Public protests of any size have been known, in the age of social media, to massively attract various other opportunists; who will work actively to derail or besmirch the cause or side being rallied for; and bc they use attention-getting antics, they often win.
Too often, a public protest against the authorities, in fact, serves them more than anyone; it draws and gathers those who oppose them into a nice convenient area to be surveilled with face-recognition tech, have their phones pinged with IMSI- catchers, and should those authorities wish, to be brutalized and arrested by cops in and out of uniform.
This is the world we live in today.
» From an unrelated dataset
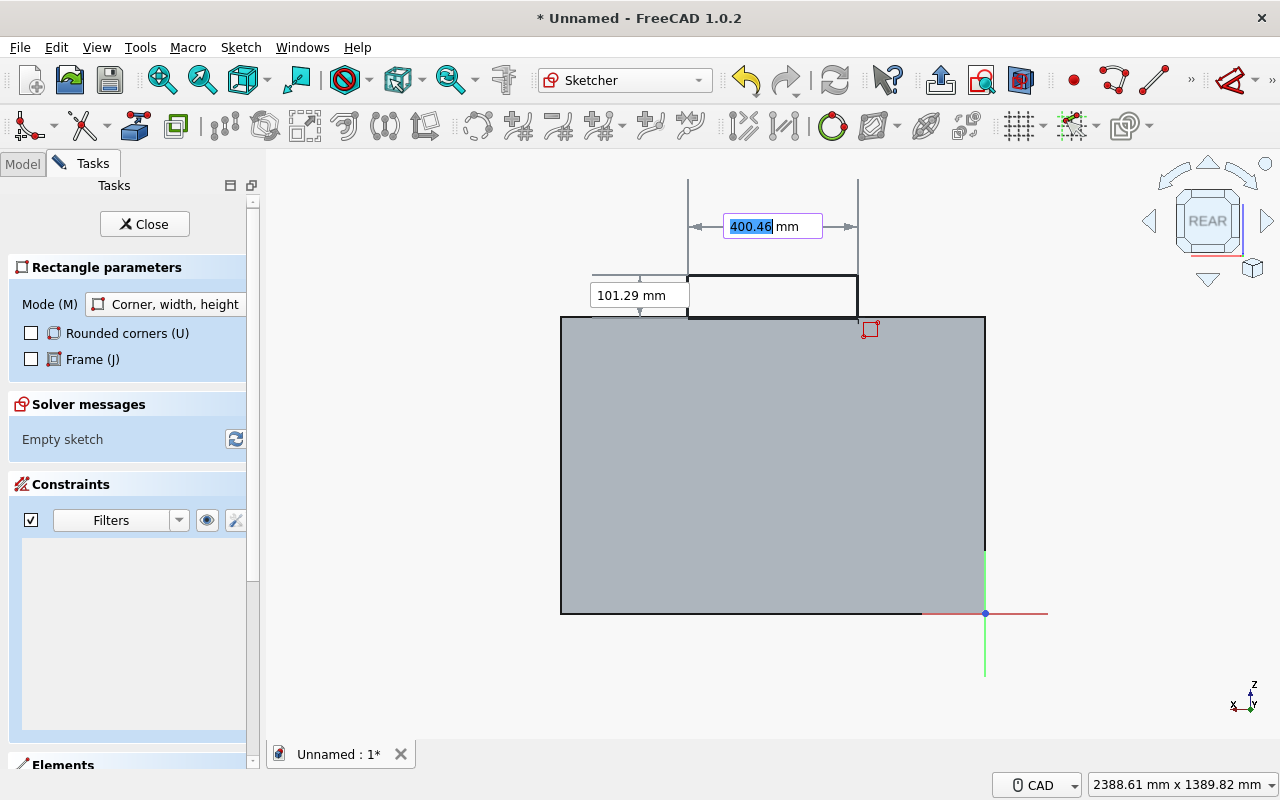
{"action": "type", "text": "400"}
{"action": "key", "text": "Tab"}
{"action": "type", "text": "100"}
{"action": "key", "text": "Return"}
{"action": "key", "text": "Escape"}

If we are going to effectively oppose our foes, official or unofficial, new tactics must be found to do it.
Sorry to be the fly in the soup here.
Well said, Joe. We Americans have been trained that “your resistance is futile” and “your actions are illegal or at best, ignored.” What we’re told is to vote, Vote, VOTE! Get Out The Vote. GOTV!! Every two or three years. And then our actual votes are stolen, gerrymandered, made illegal.
We must rediscover, reforge the class solidarity of our past that does not just rely on passively voting for the options given to us.